Sparse Gaussian processes for stochastic differential equations

Abstract

Dynamical systems present in the real world are often well represented using stochastic differential equations (SDEs) incorporating the sources of stochasticity. With the recent advances in machine learning (ML), research has been done to develop algorithms to learn SDEs based on observations of dynamical systems.

The thesis frames the SDE learning problem as an inference problem and aims to maximize the marginal likelihood of the observations in a joint model of the unobserved paths and the observations through an observation model. As this problem is intractable, a variational approximate inference algorithm is employed to maximize a lower bound to the log marginal likelihood instead of the original objective. In the variational framework, Gaussian processes (GPs) have been used as approximate posterior over paths. However, the resulting algorithms require fine discretization of the time horizon resulting in high complexity.

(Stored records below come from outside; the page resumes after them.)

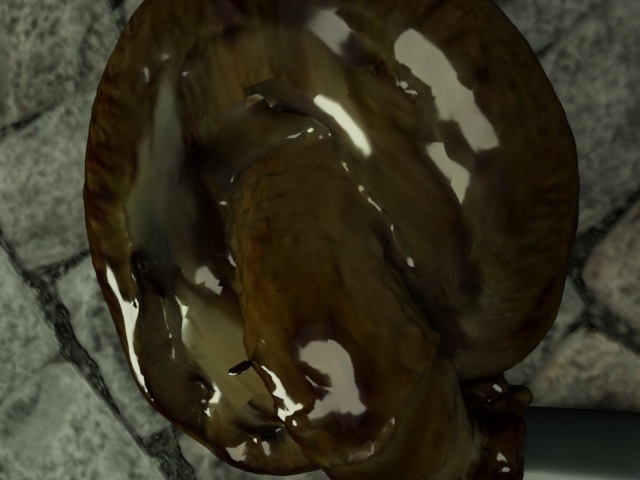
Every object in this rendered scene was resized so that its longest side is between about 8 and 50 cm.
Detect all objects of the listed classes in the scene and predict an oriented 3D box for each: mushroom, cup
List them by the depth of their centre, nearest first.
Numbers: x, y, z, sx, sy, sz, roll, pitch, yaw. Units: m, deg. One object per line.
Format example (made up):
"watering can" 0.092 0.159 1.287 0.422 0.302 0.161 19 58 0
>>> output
"mushroom" 0.007 0.007 0.434 0.263 0.195 0.283 -22 74 20
"cup" 0.145 0.144 0.480 0.077 0.078 0.100 4 92 16
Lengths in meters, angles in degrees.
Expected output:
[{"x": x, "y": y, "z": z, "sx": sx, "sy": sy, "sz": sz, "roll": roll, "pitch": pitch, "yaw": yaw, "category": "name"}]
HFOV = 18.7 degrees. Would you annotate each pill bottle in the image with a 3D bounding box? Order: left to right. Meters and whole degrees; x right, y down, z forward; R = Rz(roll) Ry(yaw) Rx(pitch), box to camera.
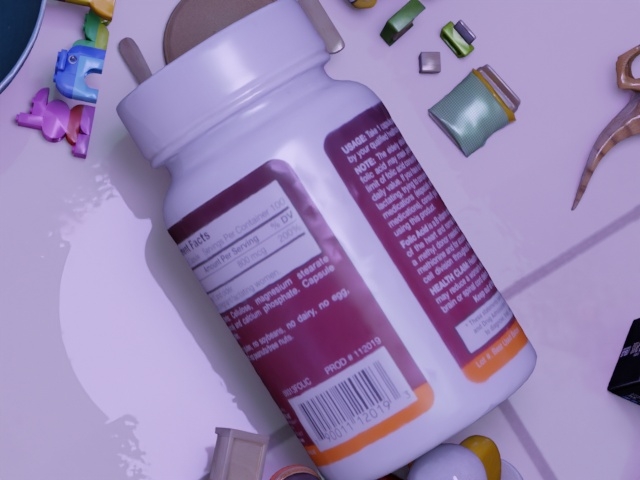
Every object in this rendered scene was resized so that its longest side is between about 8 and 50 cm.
[{"x": 0.000, "y": 0.000, "z": 1.719, "sx": 0.224, "sy": 0.224, "sz": 0.392, "roll": -32, "pitch": 91, "yaw": -12, "category": "pill bottle"}]

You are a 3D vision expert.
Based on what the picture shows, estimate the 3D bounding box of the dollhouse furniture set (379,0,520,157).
[{"x": 0.125, "y": -0.161, "z": 1.857, "sx": 0.076, "sy": 0.058, "sz": 0.152, "roll": -41, "pitch": 89, "yaw": -12, "category": "dollhouse furniture set"}]

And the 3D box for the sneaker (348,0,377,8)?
[{"x": 0.111, "y": -0.287, "z": 1.871, "sx": 0.225, "sy": 0.088, "sz": 0.093, "roll": -21, "pitch": 106, "yaw": -11, "category": "sneaker"}]

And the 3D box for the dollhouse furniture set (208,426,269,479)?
[{"x": -0.056, "y": 0.273, "z": 1.768, "sx": 0.161, "sy": 0.101, "sz": 0.182, "roll": 17, "pitch": 78, "yaw": -31, "category": "dollhouse furniture set"}]

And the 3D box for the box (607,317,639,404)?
[{"x": 0.378, "y": 0.135, "z": 1.807, "sx": 0.180, "sy": 0.147, "sz": 0.078, "roll": 24, "pitch": 79, "yaw": -5, "category": "box"}]

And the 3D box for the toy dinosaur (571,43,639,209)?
[{"x": 0.315, "y": -0.128, "z": 1.879, "sx": 0.211, "sy": 0.064, "sz": 0.112, "roll": -26, "pitch": 88, "yaw": -11, "category": "toy dinosaur"}]

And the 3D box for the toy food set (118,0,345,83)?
[{"x": -0.085, "y": -0.181, "z": 1.843, "sx": 0.192, "sy": 0.038, "sz": 0.132, "roll": -29, "pitch": 82, "yaw": -1, "category": "toy food set"}]

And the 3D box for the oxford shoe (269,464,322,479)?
[{"x": 0.009, "y": 0.328, "z": 1.685, "sx": 0.097, "sy": 0.098, "sz": 0.271, "roll": -11, "pitch": 93, "yaw": -33, "category": "oxford shoe"}]

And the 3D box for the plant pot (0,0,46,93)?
[{"x": -0.387, "y": -0.212, "z": 1.715, "sx": 0.290, "sy": 0.195, "sz": 0.290, "roll": 1, "pitch": 82, "yaw": -9, "category": "plant pot"}]

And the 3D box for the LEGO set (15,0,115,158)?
[{"x": -0.239, "y": -0.202, "z": 1.793, "sx": 0.093, "sy": 0.087, "sz": 0.227, "roll": 11, "pitch": 79, "yaw": -7, "category": "LEGO set"}]

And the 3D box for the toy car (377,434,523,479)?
[{"x": 0.098, "y": 0.261, "z": 1.761, "sx": 0.136, "sy": 0.159, "sz": 0.182, "roll": 7, "pitch": 79, "yaw": 27, "category": "toy car"}]
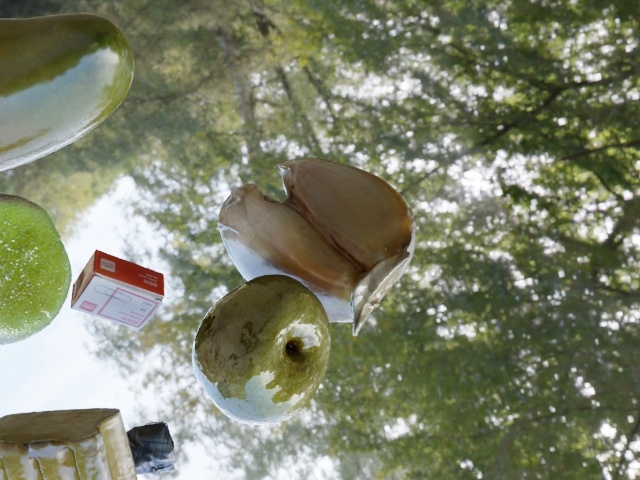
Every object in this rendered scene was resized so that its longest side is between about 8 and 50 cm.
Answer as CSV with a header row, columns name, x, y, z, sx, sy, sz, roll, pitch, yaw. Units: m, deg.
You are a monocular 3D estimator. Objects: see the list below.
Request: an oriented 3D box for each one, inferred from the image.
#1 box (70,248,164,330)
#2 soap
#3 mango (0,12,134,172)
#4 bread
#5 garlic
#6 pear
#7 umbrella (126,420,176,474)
name,x,y,z,sx,sy,sz,roll,pitch,yaw
box,-0.466,0.120,1.710,0.133,0.182,0.099,-47,-145,27
soap,-0.248,0.287,0.737,0.140,0.231,0.073,-6,-167,14
mango,-0.300,-0.121,0.645,0.289,0.146,0.129,-9,-133,-3
bread,-0.607,0.055,1.431,0.045,0.301,0.301,-7,-152,33
garlic,0.000,0.000,1.264,0.286,0.313,0.249,-58,162,8
pear,-0.095,0.166,1.138,0.211,0.188,0.228,-5,-114,47
umbrella,-0.316,0.313,1.027,0.224,0.080,0.071,-8,178,-29

The recent advances related to exploiting sparse structure in the GPs are explored in the thesis, and an alternate parameterization of the approximate distribution over paths using a sparse Markovian Gaussian process is proposed. The proposed method is efficient in storage and computation, allowing the usage of well-established optimizing algorithms such as natural gradient descent. The capability of the proposed method to learn the SDE from observations is showcased in the two experiments: the Ornstein–Uhlenbeck (OU) process and a double-well process.